Scientists find key genes that determine the success of pregnancy

 Scientists find key genes that determine the success of pregnancy

Scientists have edited human embryos for the first time in the UK to discover a “master gene” that underpins successful pregnancies. The “game-changing” research promises improved IVF outcomes and a breakthrough in understanding why so many pregnancies fail.


The Government-funded investigation, undertaken by the Francis Crick Institute, is the first to prove that gene editing can be used to study the genetic behavior of human embryos in their first few days of life.


By removing a gene which produces a protein called OCT4, the team discovered it was crucial to a viable pregnancy.


As well as its potential for more successful IVF, the discovery heralds a transformation in understanding the fundamental causes of infertility and miscarriage.


Approximately one in four couples are affected by fertility problems, and women under 35 currently have just a 32.2 percent chance of a live birth from one round of IVF.
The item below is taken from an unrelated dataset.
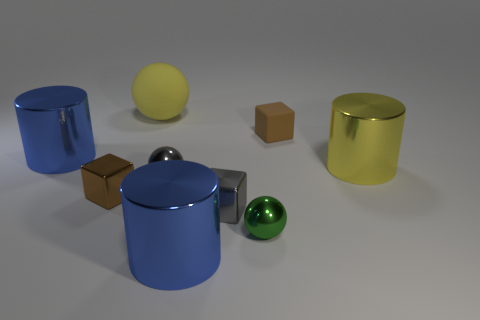Does the small gray cube have the same material as the small green object? Upon closer inspection, it seems the small gray cube and the small green sphere do not share the same texture or reflectivity characteristics. The gray cube has a matte finish with less pronounced reflections, indicating it likely has a different material than the glossy, reflective green sphere. 
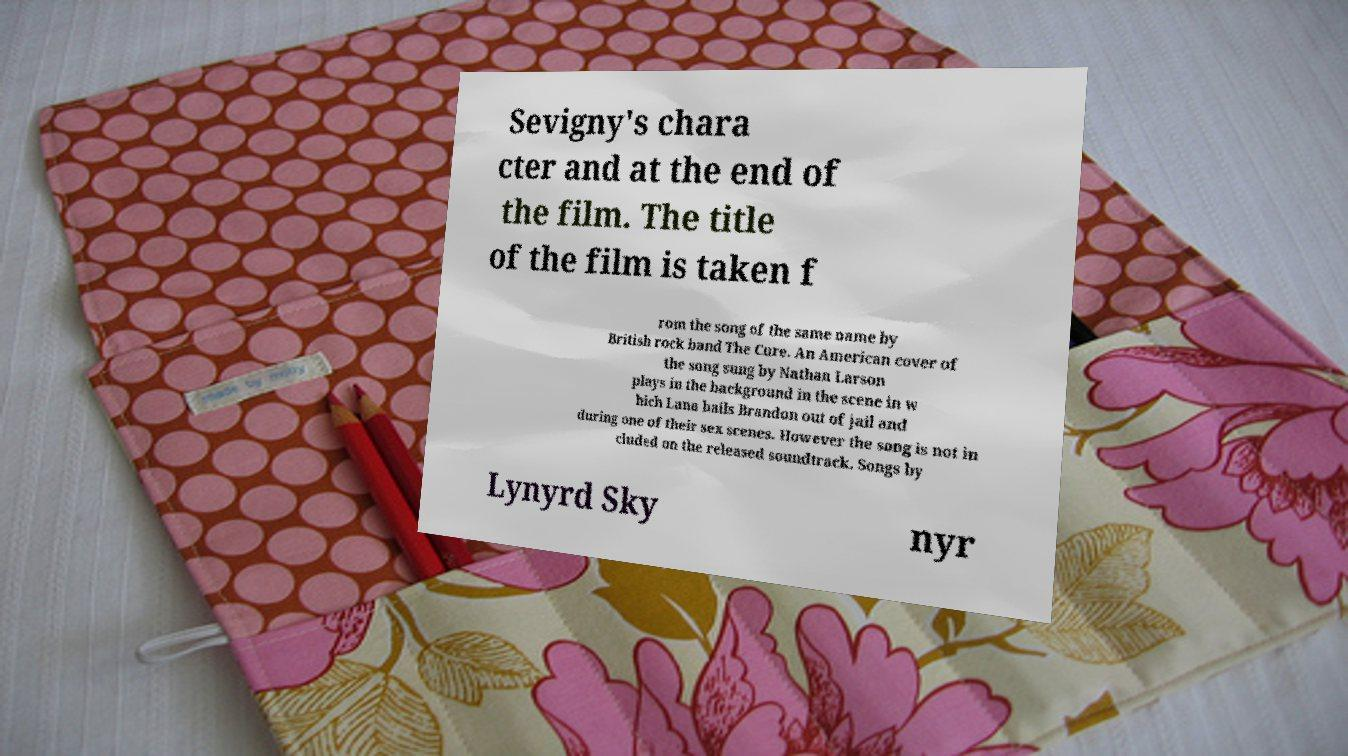Can you accurately transcribe the text from the provided image for me? Sevigny's chara cter and at the end of the film. The title of the film is taken f rom the song of the same name by British rock band The Cure. An American cover of the song sung by Nathan Larson plays in the background in the scene in w hich Lana bails Brandon out of jail and during one of their sex scenes. However the song is not in cluded on the released soundtrack. Songs by Lynyrd Sky nyr

The odds decrease to 27.7 for women aged 35 to 37, and to 20.8 percent for those aged 38 and 39.


Dr Kathy Niakan, who led the research, said: “One way to find out what a gene does in the developing embryo is to see what happens when it isn’t working.


“Now we have demonstrated an efficient way of doing this, we hope that other scientists will use it to find out the roles of other genes.


“If we knew the key genes that embryos need to develop successfully, we could improve IVF treatments and understand some causes of pregnancy failure.”


The scientists, who studied 41 human embryos donated by IVF patients, used the gene-editing tool Crispr/Cas9 to make precise cuts in DNA and deactivate OCT4.


They found OCT4 appeared to be necessary for an embryo to become a blastocyst, a tiny ball of 200 cells that arises a week after conception and marks a key point in embryonic development.


Only when an embryo successfully reaches the blastocyst stage does it stand any chance of implanting in the womb.


The study, published in the journal Nature, found fewer than a fifth of the test embryos reached the blastocyst stage without OCT4.